TUESDAY, Feb. 5, 2019 (HealthDay News) -- Children conceived by assisted reproductive technology (ART) do not appear to have a significantly increased cancer risk, according to a study published online Feb. 4 in Human Reproduction.
Mandy Spaan, from the Netherlands Cancer Institute in Amsterdam, and colleagues conducted a nationwide historical cohort study with prospective follow-up for all live-born offspring from women treated with subfertility treatments between 1980 and 2001. Of 47,690 live-born children, 24,269 were ART-conceived, 13,761 were naturally conceived, and 9,660 were conceived naturally or through fertility drugs. The incidence of cancer was ascertained through linkage with The Netherlands Cancer Registry.

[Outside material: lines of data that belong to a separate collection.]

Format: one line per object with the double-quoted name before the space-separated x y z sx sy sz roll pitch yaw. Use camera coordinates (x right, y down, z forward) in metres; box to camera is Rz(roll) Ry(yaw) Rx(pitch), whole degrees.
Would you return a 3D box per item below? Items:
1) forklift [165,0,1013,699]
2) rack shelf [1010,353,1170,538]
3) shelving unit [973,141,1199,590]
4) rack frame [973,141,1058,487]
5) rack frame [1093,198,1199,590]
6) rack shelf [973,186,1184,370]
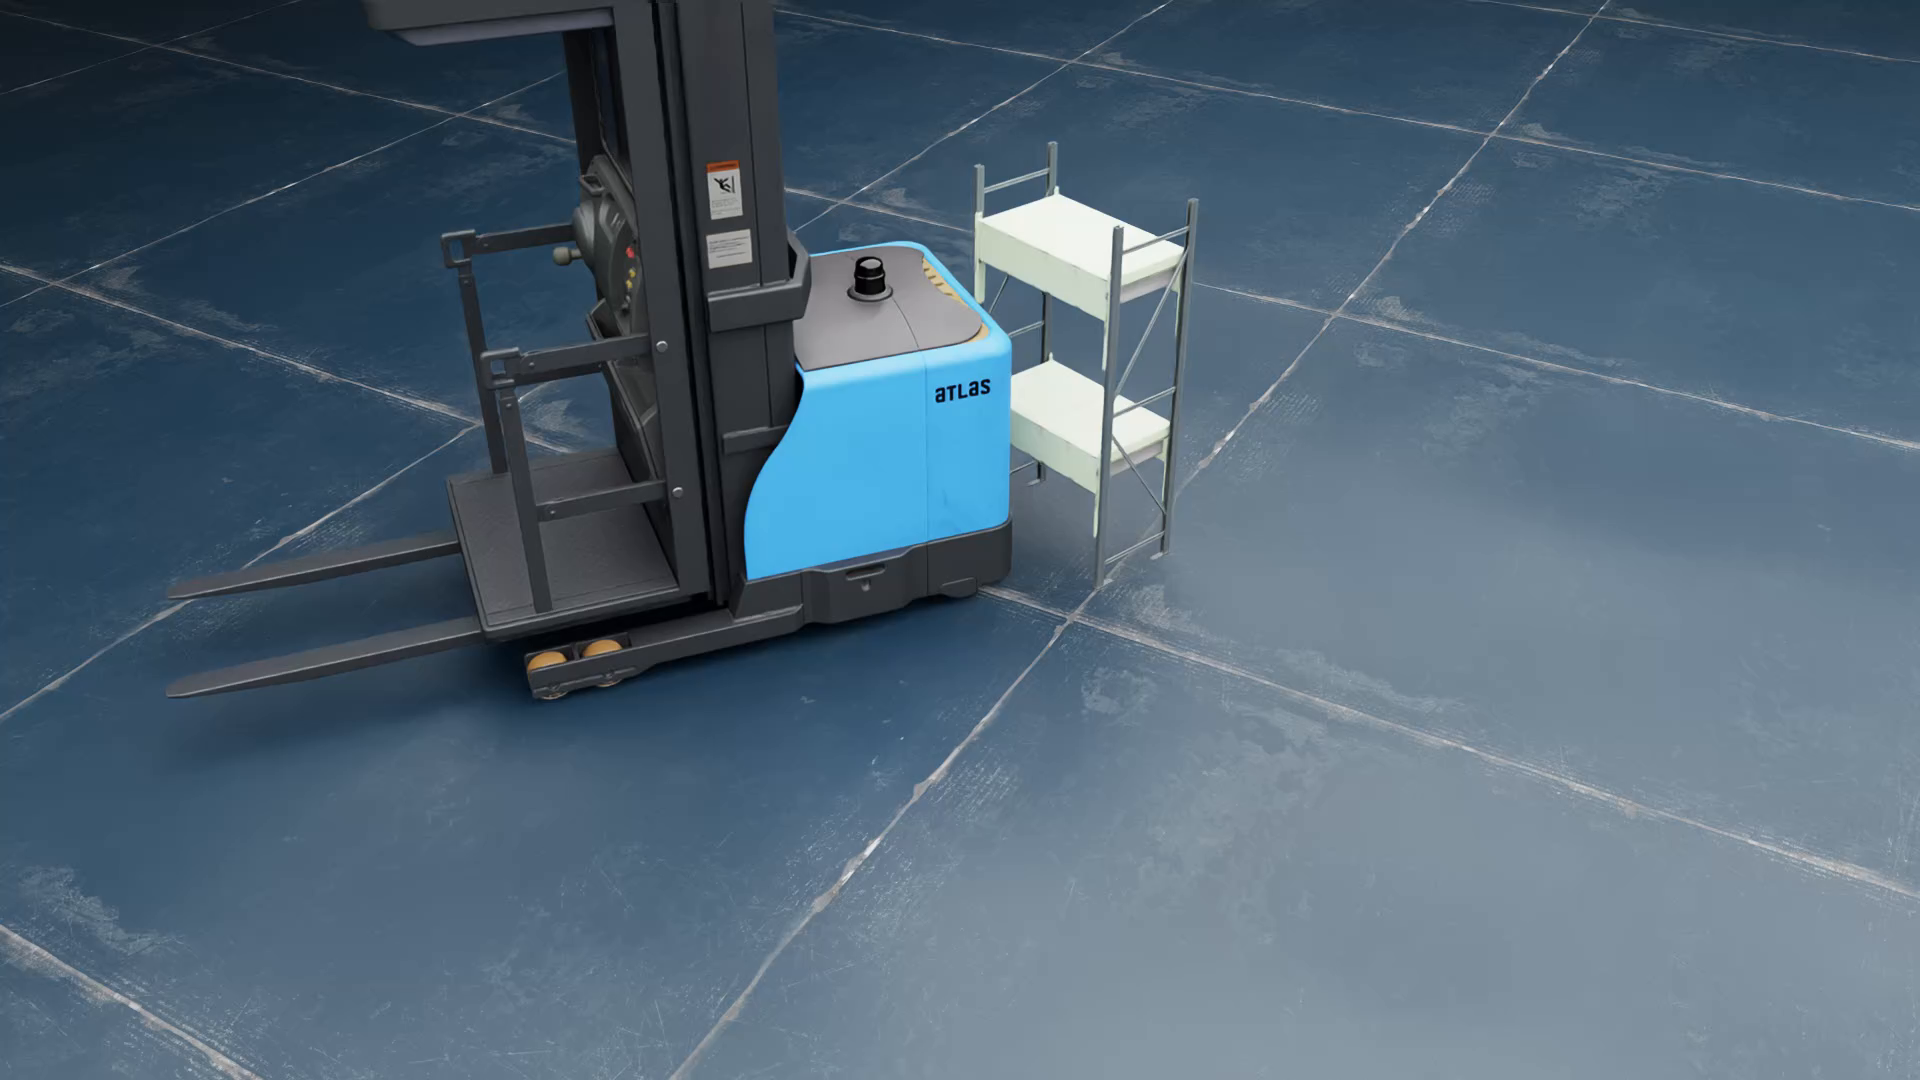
"forklift" -1.370 -0.988 5.589 3.031 2.935 1.130 -12 36 -18
"rack shelf" 0.444 -0.388 6.568 0.431 0.370 0.720 -25 41 -32
"shelving unit" 0.444 -0.660 6.388 0.431 1.500 0.755 -25 41 -32
"rack frame" 0.210 -0.816 6.622 0.400 1.500 0.023 -25 41 -32
"rack frame" 0.678 -0.504 6.154 0.400 1.500 0.023 -25 41 -32
"rack shelf" 0.444 -0.985 6.171 0.431 0.370 0.720 -25 41 -32

The researchers observed 231 cancers during a median follow-up of 21 years. There was no increase in the overall cancer risk in ART-conceived children compared with naturally conceived children from subfertile women (hazard ratio, 1.00; 95 percent confidence interval, 0.72 to 1.38) or compared with the general population (standardized incidence ratio, 1.11; 95 percent confidence interval, 0.9 to 1.36). The hazard ratio of cancer in ART-conceived versus naturally conceived individuals from age 18 onward was 1.25 (95 percent confidence interval, 0.73 to 2.13). Children conceived by intracytoplasmic sperm injection or cryopreservation had slightly but nonsignificantly increased risks for cancer (hazard ratios, 1.52 [95 percent confidence interval, 0.81 to 2.85] and 1.8 [95 percent confidence interval, 0.65 to 4.95], respectively).
"This large study provides important results, enabling physicians to better inform couples considering ART about long-term safety of ART in ART-conceived children," the authors write.